Deep learning tools allow us to quite reliably tune the neural networks to fit our training data. The major challenges are with respect to data efficiency/generalization, and with respect to actually designing planners / controllers based on these models that have such complex descriptions.

Generating training data

One extremely interesting question that arises when fitting rich nonlinear models like neural networks is the question of how to generate the training data. You might have the general sense that we would like data that provides some amount of "coverage" of the state space; this is particularly challenging for underactuated systems since we have dynamic constraints restricting our trajectories in state space.

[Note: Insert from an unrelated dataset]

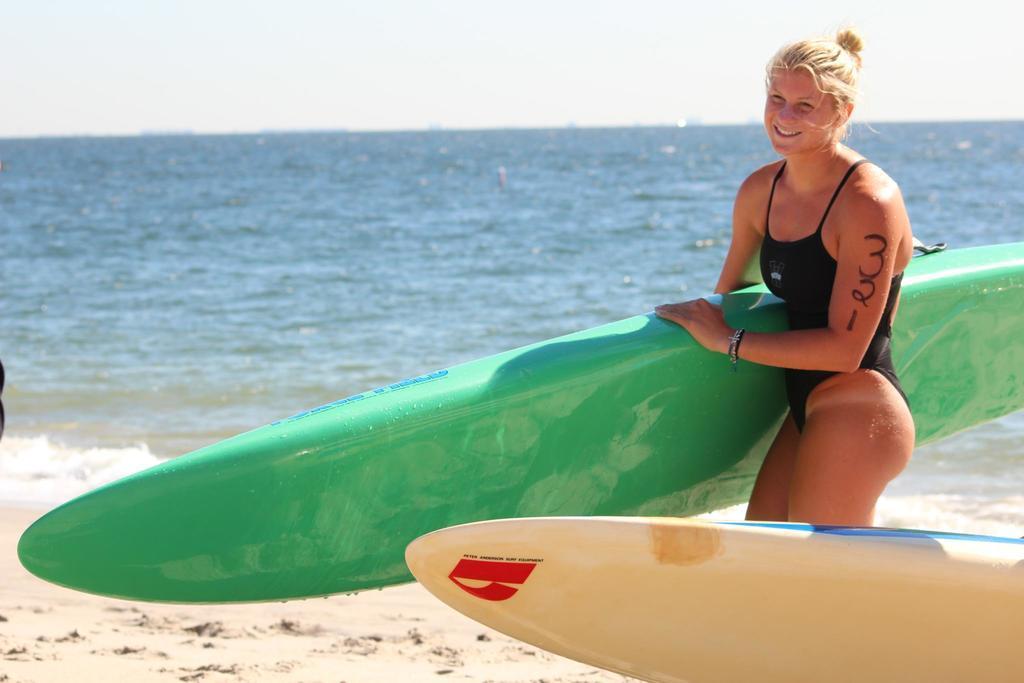Describe this image in one or two sentences. On the background of the picture we can see sky. This is a sea. This is sand. Here we can see one women wearing a swimsuit and she is holding a pretty smile on her face. We can see surfboard in her hands.

For multibody parameter estimation we discussed using the condition number of the data matrix as an explicit objective for experiment design. This was a luxury of using linear least-squares optimization for the regression and it takes advantage of the specialized knowledge we have from the manipulator equations about the model structure. Unfortunately, we don't have an analogous concept in the more general case of nonlinear least squares with general function approximators. This approach also works for identifying linear dynamical systems. The challenge is here perhaps considered less severe since for linear models in the noise-free case even data generated from the impulse response is sufficient for identification.

This topic has received considerable attention lately in the context of model-based reinforcement learning (e.g. Agarwal20b). Broadly speaking, in the ideal case we would like the training data we use for system identification to match the distribution of data that we will encounter when executing the optimal policy. But one cannot know this distribution until we've designed our controller, which (in our current discussion) requires us to have a model. It is a classic "chicken and the egg" problem. In most cases, it speaks to the importance to interleaving system identification and control design instead of the simpler notion of performing identification once and then using the model forevermore.

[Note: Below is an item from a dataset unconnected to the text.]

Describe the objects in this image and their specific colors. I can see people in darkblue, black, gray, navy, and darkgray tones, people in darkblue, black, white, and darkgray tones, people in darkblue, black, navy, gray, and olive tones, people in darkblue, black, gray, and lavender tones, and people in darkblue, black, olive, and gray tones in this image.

Input-output (autoregressive) models

Ensembled networks for uncertainty.

Alternatives for nonlinear system identification

MMT / Jack's work Gaussian Processes Koopman operators Move this to some other chapter? it's as much about control as it is about sysid? make connections to: Perron-Frobenious. Occupation measures. Densities. (Finite MDP representation).
world models?

Identification of hybrid systems

hybrid system survey papers decision trees/CART

Linear System Identification with different objective functions

Consider a discrete-time linear system of the form $$x[n+1] = Ax[n]+Bu[n]$$ where $x[n]\in\mathbf{R}^p$ and $u[n]\in\mathbf{R}^q$ are state and control at step $n$. The system matrix $A\in\mathbf{R}^{p\times p}$ and $B\in\mathbf{R}^{p\times q}$ are unknown parameters of the model, and your task is to identify the parameters given a simulated trajectory. Using the trajectory simulation provided in this python notebook, implement the solution for the following problems.

1. Identify the model parameters by solving $$\min_{A, B}\sum_{n=0}^{N-1}\lVert x[n+1] - Ax[n] -Bu[n] \rVert_2^2.$$
2. Identify the model parameters by solving $$\min_{A, B}\sum_{n=0}^{N-1}\lVert x[n+1] - Ax[n] -Bu[n] \rVert_{\infty}.$$
3. Identify the model parameters by solving $$\min_{A, B}\sum_{n=0}^{N-1}\lVert x[n+1] - Ax[n] -Bu[n] \rVert_1.$$

System Identification for the Perching Glider

In this exercise we will use physically-inspired basis functions to fit the nonlinear dynamics of a perching glider. In this python notebook, you will need to implement least-squares fitting and find the best set of basis functions that describe the dynamics of the glider. Take the time to go through the notebook and understand the code in it, and then answer the following questions. The written question will also be listed in the notebook for your convenience.

1. Work through the coding sections in the notebook.
2. All of the basis configurations we tested used at most 3 basis functions to compute a single acceleration. If we increase the number of basis functions used to compute a single acceleration to 4, the least-squares residual goes down. Why would we limit ourselves to 3 basis functions if by using more we can generate a better fit?